Two unexpected results also emerged from our study regarding the global distribution of strongest and weakest HLA binders to SARS-CoV-2 peptides in human populations. The first one is the opposite pattern observed for the two loci HLA-A and -B. Indeed, the cumulative frequency of strongest binders is higher for HLA-A and lower for HLA-B in most regions of the world, while the reverse is observed for weakest binders (Figure 2 ). The fact that HLA-B is more polymorphic than HLA-A 4 (164 HLA-B and 92 HLA-A alleles defined at the second field level of resolution were considered in this study) probably explains why the cumulative frequencies of weakest binders are much greater for HLA-B. However, this explanation does not hold for strong binders. Actually, the high cumulative frequencies of HLA-A strongest binders are principally due (but not only, see below) to HLA-A*02:01, an allele which is frequent almost everywhere in the world, whereas most of the strongest HLA-B binders are rare.

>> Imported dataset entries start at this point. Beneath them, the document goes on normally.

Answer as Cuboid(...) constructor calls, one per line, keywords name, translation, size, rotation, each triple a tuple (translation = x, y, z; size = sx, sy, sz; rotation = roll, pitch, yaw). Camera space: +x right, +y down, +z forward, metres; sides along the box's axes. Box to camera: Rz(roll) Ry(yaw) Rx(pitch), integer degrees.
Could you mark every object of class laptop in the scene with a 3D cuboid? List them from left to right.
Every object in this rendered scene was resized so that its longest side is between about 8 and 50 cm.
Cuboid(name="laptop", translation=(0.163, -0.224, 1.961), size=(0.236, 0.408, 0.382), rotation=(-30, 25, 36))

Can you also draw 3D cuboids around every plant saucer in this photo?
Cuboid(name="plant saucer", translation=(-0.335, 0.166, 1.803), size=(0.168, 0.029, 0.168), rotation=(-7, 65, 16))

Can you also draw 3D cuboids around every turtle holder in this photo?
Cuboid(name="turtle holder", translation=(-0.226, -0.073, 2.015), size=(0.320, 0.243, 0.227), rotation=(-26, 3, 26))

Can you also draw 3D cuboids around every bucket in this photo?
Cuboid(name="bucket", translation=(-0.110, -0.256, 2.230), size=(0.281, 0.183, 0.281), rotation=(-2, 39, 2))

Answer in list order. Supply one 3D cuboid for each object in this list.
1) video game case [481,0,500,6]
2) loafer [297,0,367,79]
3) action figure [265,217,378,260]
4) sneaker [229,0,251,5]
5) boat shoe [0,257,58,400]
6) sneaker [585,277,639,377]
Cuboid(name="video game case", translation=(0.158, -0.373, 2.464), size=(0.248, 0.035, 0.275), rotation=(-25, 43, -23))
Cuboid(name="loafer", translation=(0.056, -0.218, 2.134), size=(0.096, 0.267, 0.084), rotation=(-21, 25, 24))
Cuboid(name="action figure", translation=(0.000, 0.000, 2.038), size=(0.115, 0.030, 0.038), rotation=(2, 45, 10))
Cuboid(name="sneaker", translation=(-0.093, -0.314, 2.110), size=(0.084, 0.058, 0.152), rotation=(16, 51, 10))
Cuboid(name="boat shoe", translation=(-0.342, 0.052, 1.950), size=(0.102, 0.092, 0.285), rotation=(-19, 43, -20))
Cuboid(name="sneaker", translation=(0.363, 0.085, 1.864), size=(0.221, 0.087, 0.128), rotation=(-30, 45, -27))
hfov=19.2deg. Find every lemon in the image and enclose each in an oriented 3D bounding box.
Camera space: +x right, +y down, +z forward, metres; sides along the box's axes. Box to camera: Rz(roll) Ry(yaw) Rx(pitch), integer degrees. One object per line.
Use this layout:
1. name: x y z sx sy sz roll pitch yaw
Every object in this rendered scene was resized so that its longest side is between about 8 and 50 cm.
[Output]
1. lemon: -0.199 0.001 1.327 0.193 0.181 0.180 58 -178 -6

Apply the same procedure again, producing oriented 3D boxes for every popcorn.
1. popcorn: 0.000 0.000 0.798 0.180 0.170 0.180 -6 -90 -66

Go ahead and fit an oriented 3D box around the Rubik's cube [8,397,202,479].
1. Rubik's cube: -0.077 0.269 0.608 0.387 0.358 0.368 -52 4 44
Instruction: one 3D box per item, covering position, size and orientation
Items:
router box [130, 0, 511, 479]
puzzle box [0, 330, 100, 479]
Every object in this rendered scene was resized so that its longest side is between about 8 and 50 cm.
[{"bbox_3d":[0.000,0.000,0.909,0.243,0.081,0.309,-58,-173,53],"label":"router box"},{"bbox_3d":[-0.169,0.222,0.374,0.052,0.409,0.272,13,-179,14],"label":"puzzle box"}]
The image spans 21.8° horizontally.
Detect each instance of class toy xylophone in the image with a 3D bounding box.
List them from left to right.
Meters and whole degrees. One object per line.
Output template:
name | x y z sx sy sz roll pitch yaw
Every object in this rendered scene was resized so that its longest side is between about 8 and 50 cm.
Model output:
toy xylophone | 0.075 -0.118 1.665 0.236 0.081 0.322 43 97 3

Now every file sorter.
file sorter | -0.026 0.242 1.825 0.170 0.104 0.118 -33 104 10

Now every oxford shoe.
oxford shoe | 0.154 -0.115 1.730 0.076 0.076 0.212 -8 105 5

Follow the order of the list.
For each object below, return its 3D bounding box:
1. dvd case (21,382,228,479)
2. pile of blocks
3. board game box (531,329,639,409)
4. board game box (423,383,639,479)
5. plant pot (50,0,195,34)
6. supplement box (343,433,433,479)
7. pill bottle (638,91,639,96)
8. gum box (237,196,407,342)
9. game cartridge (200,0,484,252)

The second, and probably the most remarkable result, is the dual observation of particularly high and low cumulative frequencies of, respectively, strongest and weakest HLA binders in Indigenous populations from North and South America. These two independent patterns were highly significant ( Table 5) and not observed in any other geographic region (Figure 2 , see loci A + B combined). Among the strongest binders, A*02:01 is common in most regions of the world but reaches especially high frequencies (sometimes up to 50%) in Indigenous Americans and is classified as strongest binder for the three coronaviruses analysed in this study (Table S4) ; A*02:06, the strongest binder for all seven viruses, is rare globally, slightly more common in North-East Asia and sometimes very frequent in America where it reaches 20%-30% in some Mexican populations; A*68:01 is rarely above 5% globally but reaches frequencies of about 15%-20% in Indigenous populations from North America (Mixtec and Seri), and is strongest binder for all viruses except HIV-1; A*02:22, also strongest binder for all viruses, is virtually absent or very rare in the world except in some Indigenous populations from Venezuela (Bari, 6.5%) and Brazil (Terena, 15%); A*24:03, strongest binder for all coronaviruses, is another rare allele that is observed at 10% to 11% frequency in Brazil and Argentina. Other strongest binders are also found in other regions (eg, A*02:03, reaching 17% and B*15:25, reaching 15%-40% in Yami-in South-East Asia; A*02:11, reaching 9%-16% in India; or B*15:03, reaching 11% in sub-Saharan Africa) but the cumulative frequencies of strongest binders in these populations (except Yami) are always lower than in Indigenous Americans.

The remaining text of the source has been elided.